= Chinese Civil War (wargame) =

1979 board wargame

Cover of boxed edition, 1984

Chinese Civil War is a board wargame by World Wide Wargames (3W) in 1979 that simulates the Chinese Civil War between the Kuomintang of Chiang Kai-shek and the Communists of Mao Zedong.

==Description==
Chinese Civil War is a two-player board wargame where one player controls the Kuomintang, and the other player controls the Communists.

===Gameplay===
The game uses an alternating "I Go, You Go" system where the first player adds reinforcements, moves and attacks, then the second player has the same opportunities, completing one game turn.

Communists start as guerillas, which negatively affects their combat but allows them to infiltrate by ignoring Kuomintang zones of control. The Communist player can choose to switch to conventional warfare at any time, but they then lose their infiltration ability.

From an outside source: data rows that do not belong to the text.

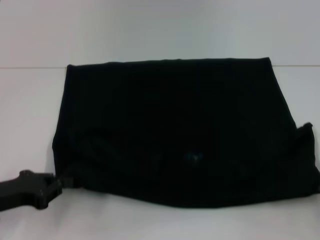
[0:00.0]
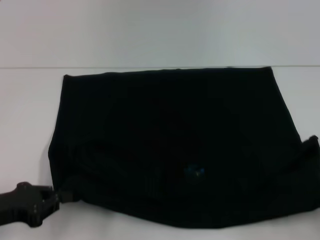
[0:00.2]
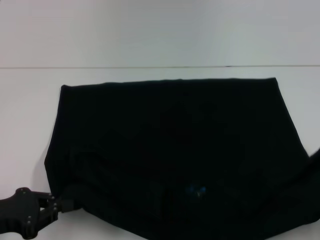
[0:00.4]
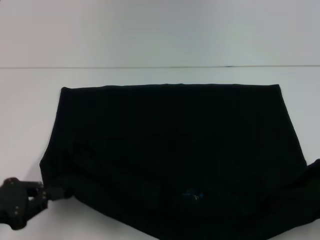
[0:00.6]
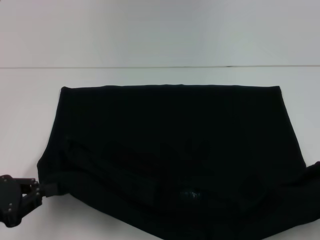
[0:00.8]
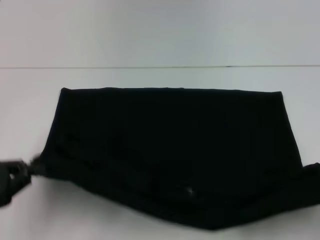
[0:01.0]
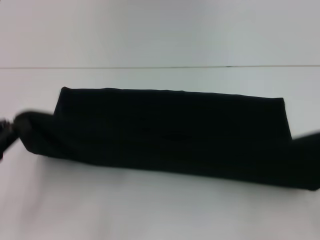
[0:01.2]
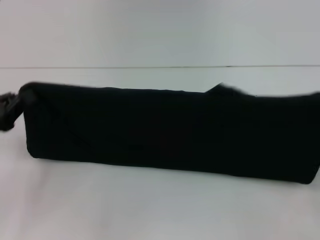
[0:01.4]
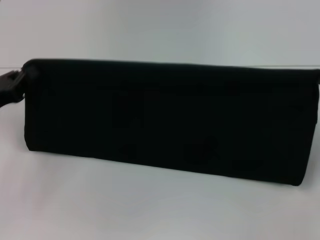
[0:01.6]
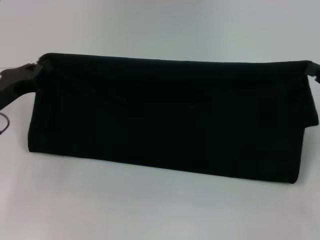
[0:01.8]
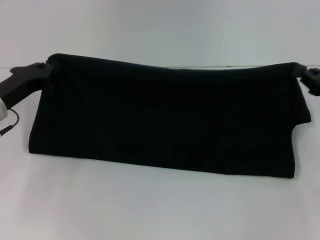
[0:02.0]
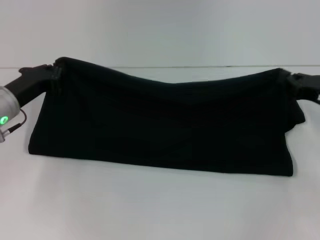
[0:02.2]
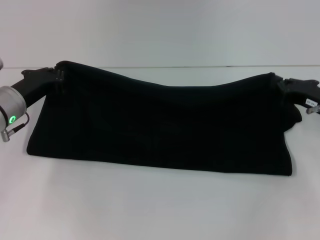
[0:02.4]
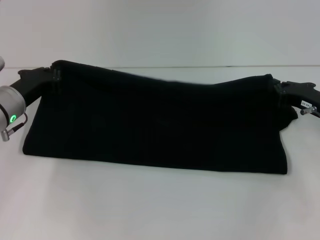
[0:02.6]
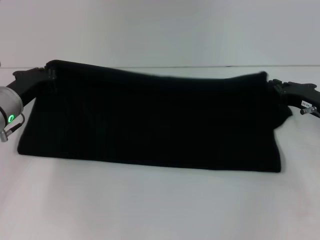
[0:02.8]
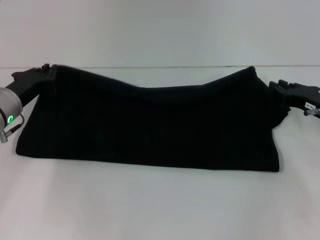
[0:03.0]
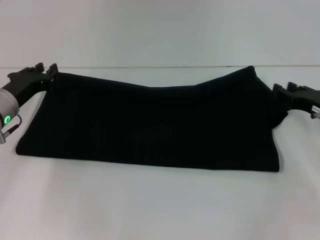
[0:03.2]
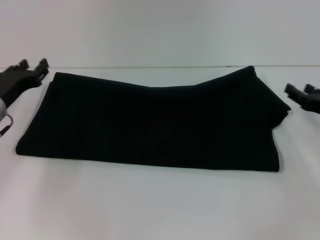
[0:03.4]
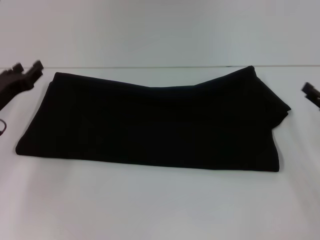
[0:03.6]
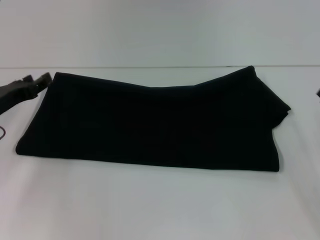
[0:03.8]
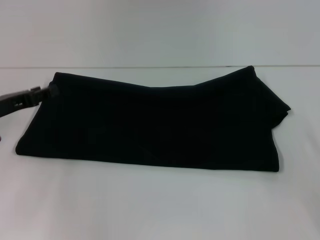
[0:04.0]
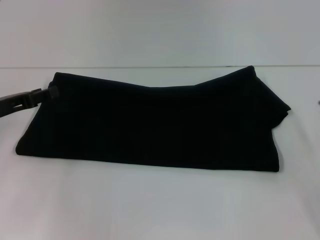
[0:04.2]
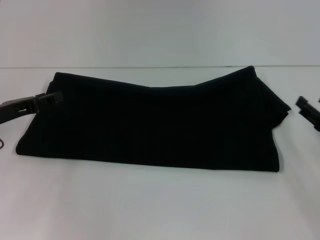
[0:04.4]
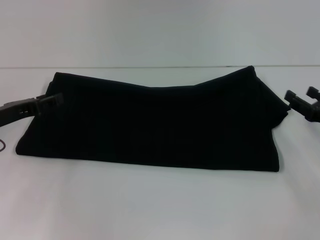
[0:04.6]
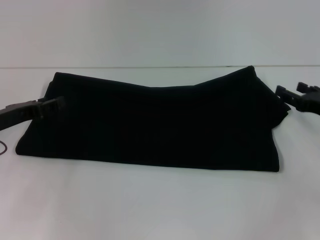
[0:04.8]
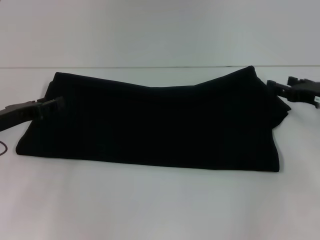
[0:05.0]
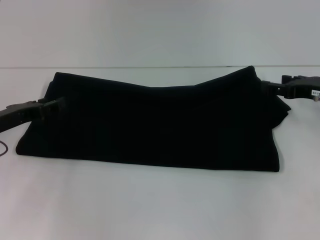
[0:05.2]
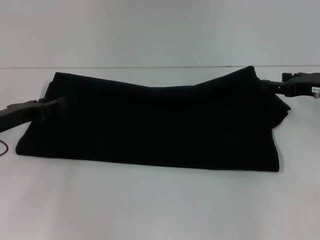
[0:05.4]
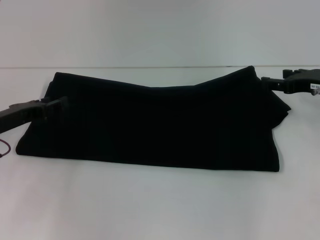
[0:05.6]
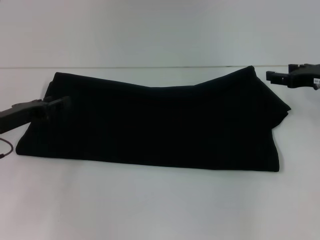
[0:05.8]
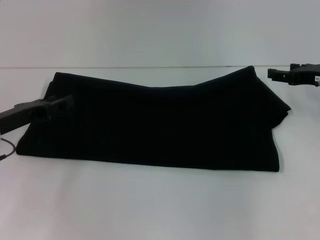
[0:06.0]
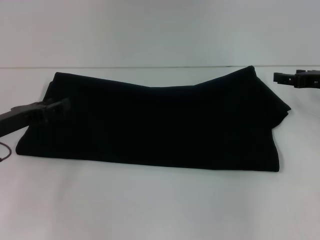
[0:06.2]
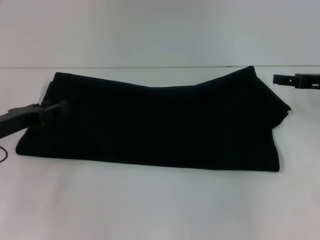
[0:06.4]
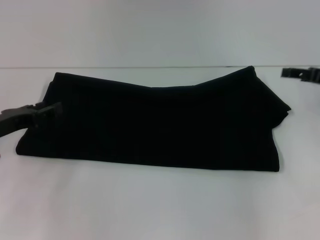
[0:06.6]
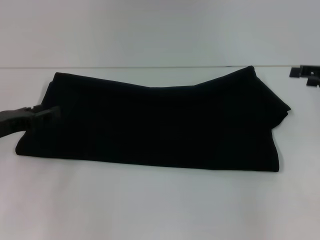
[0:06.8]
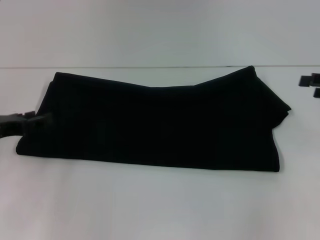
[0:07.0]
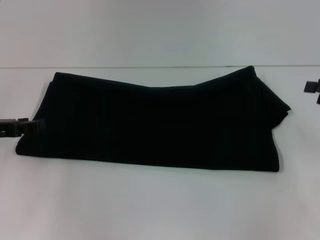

To simulate the fragmented and fractious nature of the Kuomintang, the game starts with China divided into regions, each of which has a Kuomintang warlord and headquarters. If a Kuomintang unit leaves its original region, it cannot stack with other Kuomintang units in the new region. If the number of Kuomintang units in a region drops below the "garrison level" of the region (usually 3 units) then the Communists gain a free base. To further simulate the Kuomintang organizational problems, the Kuomintang player must roll a die before each attack. If a 6 is rolled, the attack does not take place.

The Kuomintang are also dependent on supply units to attack. These start at the southern edge of the map, and only provide supplies to units within two hexes. In order to attack in the north, the Kuomintang player must move supply units to the front lines either by rail, or by moving them to a more northern port.

Victory points are awarded for each city held at the end of the game, which lasts 18 turns.

==Publication history==
Chinese Civil War was designed by Bob Fowler, and appeared as a free pull-out game in Issue 10 of The Wargamer in 1979. 3W then released it as a boxed set in 1984.

==Reception==
In Issue 79 of Strategy & Tactics, game designer Richard Berg was not impressed, noting, "The Wargamer has picked some interesting subjects; I only wish they’d devise some interesting systems to fit."

In Issue 4 of Zone of Control, Grayde Bowen called Chinese Civil War "an interesting game with some different choices." Bowen liked the "truly splendid map", but found the rules poorly laid out and poorly explained. He pointed out the difficulty facing the Communist player, saying, "Attacking is not always a good idea for the Communists but if they don’t attack they will never win." Bowen made some suggestions for improving the game, commenting "The game length and KMT commander reliability would be better treated by a random events table than by using a roll of 6 and a set length of game. Also the number of Communist recruits could be linked to success rather than time."

In Issue 22 of Paper Wars, Michael Lin and Rich Erwin called the game "challenging, unpredictable, and quite an experience. If nothing else, the game is high on the exotic scale."

In Issue 77 of the UK magazine Games & Puzzles, Nicky Palmer noted, "The rules are generally unambiguous but not well organised. Playtesting seems to have been done thoroughly, but there are still a couple of odd points left." Palmer concluded by giving the game an Excitement grade of 4 out of 5, saying, "All in all, though, quite a bargain for Wargamer readers and worth considering for separate purchase."